Where on the main sequence they wind up, (hence, at what luminosity and temperature) depends on only one thing: how massive they are. The least massive ones will remain red dwarfs for a long, long, time. In fact, the universe isn’t old enough yet for any of them to have evolved off the main sequence. The most massive will start off on the main sequence as bright hot blue supergiants and they will evolve off the main sequence quite quickly, perhaps just a few million years. They burn through their fuel in a relatively short time. The mass range between stars goes from roughly 1/10 solar masses, to about 100 solar masses. And the mass function we have derived tells us faint, old, cool, stars far outnumber the bright hot young ones. Our own Sun is of intermediate brightness and temperature, and is about half-way through its main sequence lifetime.
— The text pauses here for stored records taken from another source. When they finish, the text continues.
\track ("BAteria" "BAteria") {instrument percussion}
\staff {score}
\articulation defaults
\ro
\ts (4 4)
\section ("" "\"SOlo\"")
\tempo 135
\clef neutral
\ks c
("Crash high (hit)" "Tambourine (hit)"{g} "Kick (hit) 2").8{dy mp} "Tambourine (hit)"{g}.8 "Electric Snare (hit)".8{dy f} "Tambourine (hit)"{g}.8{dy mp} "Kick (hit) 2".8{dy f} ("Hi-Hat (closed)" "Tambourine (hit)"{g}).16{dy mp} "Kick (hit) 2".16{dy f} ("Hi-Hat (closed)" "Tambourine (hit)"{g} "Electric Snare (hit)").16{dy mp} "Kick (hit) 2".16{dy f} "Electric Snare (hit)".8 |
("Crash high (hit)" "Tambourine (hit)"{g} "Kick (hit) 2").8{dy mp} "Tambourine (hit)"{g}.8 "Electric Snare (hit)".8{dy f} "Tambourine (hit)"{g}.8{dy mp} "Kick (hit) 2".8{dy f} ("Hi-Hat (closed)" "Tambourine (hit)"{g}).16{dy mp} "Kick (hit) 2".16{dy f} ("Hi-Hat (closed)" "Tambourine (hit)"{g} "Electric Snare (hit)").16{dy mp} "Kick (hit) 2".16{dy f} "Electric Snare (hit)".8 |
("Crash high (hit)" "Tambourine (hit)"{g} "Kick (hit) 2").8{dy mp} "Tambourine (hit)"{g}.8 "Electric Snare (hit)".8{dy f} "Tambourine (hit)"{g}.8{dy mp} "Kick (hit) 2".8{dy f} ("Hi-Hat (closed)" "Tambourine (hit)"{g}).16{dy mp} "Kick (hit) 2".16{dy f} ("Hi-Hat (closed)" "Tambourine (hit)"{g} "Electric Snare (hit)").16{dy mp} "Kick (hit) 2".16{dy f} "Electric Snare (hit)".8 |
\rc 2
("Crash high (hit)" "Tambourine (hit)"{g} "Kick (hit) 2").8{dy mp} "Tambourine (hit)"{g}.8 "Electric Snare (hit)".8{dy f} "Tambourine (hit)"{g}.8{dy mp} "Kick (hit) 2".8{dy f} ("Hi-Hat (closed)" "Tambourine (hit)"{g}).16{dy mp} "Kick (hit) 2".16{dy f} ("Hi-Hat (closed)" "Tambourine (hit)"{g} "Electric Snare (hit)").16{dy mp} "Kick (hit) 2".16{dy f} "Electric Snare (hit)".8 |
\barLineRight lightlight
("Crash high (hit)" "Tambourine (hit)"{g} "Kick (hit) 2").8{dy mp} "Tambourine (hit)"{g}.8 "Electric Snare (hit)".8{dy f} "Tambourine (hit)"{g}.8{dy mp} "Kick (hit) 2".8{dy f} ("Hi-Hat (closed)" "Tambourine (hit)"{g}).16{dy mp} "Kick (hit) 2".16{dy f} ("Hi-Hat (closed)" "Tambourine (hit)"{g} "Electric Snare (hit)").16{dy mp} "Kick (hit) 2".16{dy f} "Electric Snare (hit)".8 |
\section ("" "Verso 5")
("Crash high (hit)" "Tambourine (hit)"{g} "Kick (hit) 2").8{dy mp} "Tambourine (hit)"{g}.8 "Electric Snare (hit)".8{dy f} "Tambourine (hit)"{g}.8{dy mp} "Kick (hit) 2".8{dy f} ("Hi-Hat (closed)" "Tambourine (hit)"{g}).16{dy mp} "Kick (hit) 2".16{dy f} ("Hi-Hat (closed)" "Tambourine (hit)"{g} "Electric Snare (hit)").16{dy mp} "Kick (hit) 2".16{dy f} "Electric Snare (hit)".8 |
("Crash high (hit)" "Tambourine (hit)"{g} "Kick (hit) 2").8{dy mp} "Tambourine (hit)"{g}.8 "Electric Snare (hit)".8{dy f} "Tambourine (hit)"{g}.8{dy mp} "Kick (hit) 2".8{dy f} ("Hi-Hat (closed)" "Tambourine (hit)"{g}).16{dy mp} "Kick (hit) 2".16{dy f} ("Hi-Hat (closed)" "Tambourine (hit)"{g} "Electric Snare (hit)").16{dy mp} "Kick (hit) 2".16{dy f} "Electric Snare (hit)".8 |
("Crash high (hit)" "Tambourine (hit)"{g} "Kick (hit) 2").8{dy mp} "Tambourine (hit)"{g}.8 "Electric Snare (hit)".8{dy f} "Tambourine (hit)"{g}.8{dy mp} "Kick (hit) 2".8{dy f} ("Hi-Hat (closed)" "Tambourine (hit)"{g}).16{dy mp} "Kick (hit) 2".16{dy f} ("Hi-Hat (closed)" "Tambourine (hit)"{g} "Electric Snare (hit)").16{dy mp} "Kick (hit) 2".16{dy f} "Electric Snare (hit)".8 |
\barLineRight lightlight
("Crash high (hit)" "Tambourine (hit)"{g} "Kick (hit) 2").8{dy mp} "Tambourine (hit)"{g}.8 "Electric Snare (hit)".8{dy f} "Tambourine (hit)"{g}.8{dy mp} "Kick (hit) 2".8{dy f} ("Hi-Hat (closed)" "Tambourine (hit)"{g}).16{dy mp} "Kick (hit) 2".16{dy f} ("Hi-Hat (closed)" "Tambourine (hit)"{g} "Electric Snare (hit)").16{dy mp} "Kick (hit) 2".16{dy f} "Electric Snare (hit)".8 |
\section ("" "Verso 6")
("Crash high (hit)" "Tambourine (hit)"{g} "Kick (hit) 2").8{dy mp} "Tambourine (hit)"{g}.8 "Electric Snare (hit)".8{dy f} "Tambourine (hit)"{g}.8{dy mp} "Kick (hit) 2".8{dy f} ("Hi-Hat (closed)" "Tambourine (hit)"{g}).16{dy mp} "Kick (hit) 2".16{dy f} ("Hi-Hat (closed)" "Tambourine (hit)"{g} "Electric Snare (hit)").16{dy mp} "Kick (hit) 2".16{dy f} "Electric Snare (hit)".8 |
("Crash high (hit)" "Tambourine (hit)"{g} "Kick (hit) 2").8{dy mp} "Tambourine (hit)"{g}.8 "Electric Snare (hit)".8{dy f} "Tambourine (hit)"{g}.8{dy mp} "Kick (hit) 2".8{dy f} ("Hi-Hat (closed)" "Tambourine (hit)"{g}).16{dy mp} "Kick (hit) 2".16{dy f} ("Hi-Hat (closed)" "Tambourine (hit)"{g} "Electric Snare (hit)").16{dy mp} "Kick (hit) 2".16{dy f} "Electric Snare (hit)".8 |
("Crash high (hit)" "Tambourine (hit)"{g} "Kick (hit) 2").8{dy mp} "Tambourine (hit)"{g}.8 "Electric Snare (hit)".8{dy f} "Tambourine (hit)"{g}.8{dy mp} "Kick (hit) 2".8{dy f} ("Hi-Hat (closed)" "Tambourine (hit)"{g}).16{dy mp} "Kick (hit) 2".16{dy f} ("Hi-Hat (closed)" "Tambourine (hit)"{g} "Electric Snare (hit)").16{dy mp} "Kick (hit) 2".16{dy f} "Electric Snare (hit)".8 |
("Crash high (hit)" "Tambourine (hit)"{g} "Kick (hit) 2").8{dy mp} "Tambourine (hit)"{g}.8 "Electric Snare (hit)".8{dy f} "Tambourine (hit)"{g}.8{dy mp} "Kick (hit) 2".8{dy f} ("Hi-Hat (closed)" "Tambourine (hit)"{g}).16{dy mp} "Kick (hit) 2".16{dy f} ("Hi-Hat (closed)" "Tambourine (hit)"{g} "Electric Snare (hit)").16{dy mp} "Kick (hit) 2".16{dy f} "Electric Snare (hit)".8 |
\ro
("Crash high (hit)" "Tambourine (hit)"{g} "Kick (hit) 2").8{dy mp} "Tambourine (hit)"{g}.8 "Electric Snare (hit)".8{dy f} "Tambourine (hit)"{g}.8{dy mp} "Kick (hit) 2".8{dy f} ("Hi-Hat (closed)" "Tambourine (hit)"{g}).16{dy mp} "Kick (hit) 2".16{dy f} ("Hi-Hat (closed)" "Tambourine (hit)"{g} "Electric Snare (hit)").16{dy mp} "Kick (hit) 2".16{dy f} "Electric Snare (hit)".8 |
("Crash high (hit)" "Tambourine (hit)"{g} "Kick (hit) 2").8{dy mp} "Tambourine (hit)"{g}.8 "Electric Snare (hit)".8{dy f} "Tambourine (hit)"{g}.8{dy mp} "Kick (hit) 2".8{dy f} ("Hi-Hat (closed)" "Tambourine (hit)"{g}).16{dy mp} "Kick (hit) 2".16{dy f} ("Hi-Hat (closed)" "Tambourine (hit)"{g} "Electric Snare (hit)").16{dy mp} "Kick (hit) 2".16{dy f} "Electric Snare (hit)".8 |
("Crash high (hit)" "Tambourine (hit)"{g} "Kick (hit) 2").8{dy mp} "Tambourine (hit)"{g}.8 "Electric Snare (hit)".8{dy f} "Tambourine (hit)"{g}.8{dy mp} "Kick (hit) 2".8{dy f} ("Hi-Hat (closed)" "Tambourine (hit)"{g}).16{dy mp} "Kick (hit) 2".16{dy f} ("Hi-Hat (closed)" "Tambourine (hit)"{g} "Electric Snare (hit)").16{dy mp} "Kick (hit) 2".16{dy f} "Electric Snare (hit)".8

Although the evolution of a star after it leaves the main sequence only occupies a very small percentage of its total life span, it will be the most spectacular and interesting period of its life (unless you happen to live on a planet orbiting it!). As the star runs out of fuel, its core will shrink until it gets hot enough to fuse other elements, in this way, all the elements up to iron are formed in stellar cores. However, as the core shrinks, the outer layers of the star may balloon enormously, forming a red giant or supergiant, with a relatively cool surface but a very hot, high density core. Hydrostatic equilibrium keeps the star together, internal energy holding up the weight of the outer layers, as elements of higher atomic number fuse in the core. Eventually, the star runs out of every source of nuclear fuel, and it will eventually shrink back down to red dwarf stage. However the most massive stars (about 1.4 solar masses or more, a very tiny fraction of all stars) are too massive, their cores become unstable due to quantum effects, and they eventually blow themselves up in spectacular supernova explosions. The elements heavier than iron are formed by neutron absorption as the star blows itself apart, and the matter of the periodic table is rendered up to the interstellar medium so that new stars can be born with rocky planets suitable for folks like us.
What’s left after the supernova also depends on the initial stellar mass. Going from light to heavy, a white dwarf, a neutron star, or a black hole.
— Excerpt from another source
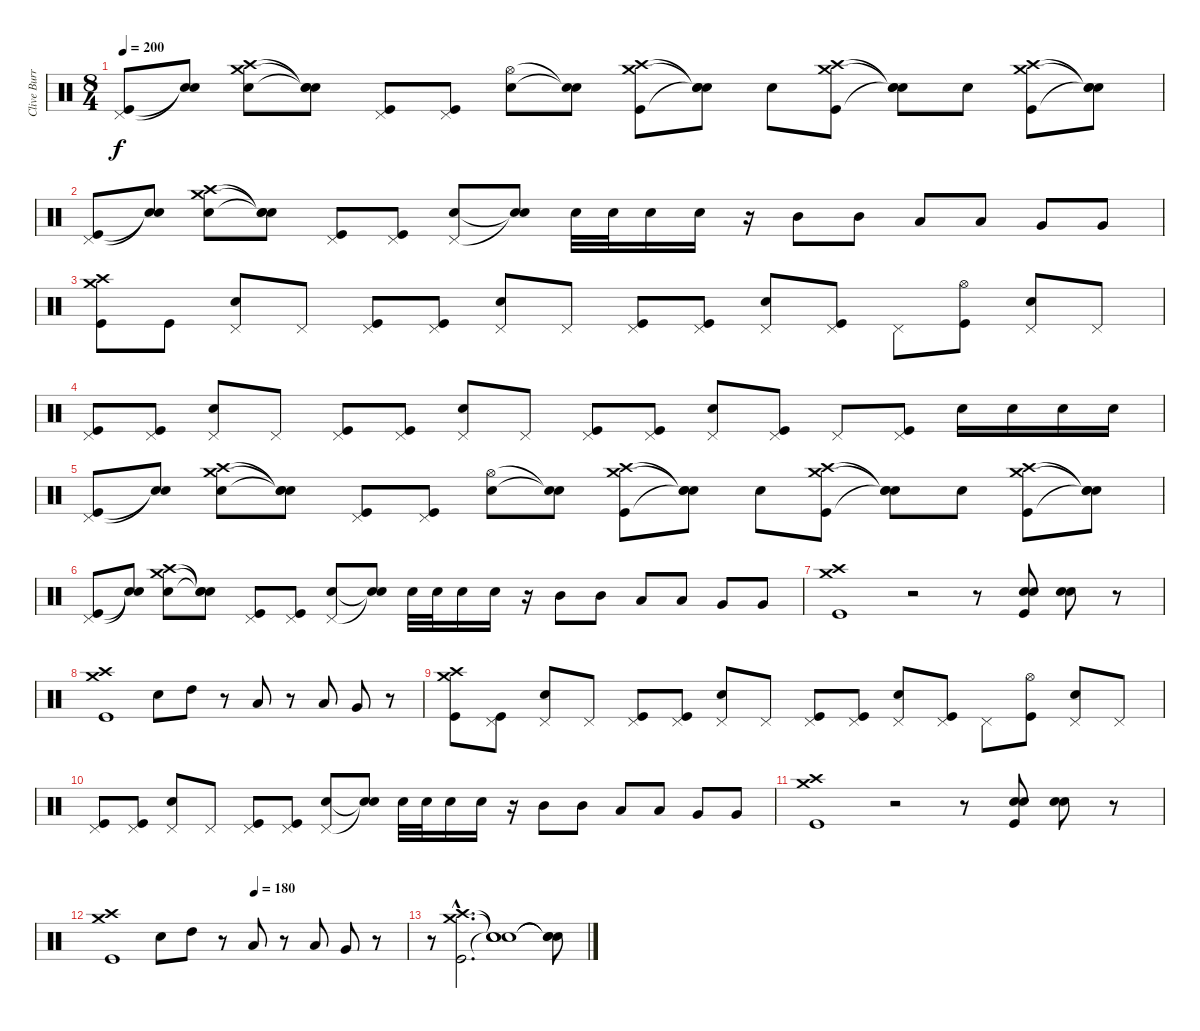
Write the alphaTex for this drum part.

Stars below the Chandrasekhar Limit of 1.4 solar masses either achieve stability by going through a long series of ordinary nova outbursts, or shed excess mass by simple outgassing (the planetary nebula phase) and eventually settle down as a white dwarf.

So although stars may vary enormously in size, luminosity, temperature, and color, and they may change all those properties over time in the course of their evolution, their destiny is decided at birth solely by their mass. The mass function is the key to understanding stellar structure and evolution.

Its unlikely we understand all there is to know about this, but over the last half of the twentieth century most of the blank spaces in this incredible story have been filled in. It is one of the most remarkable achievements of the human intellect, and it was mostly accomplished during my lifetime, by at most a few hundred men.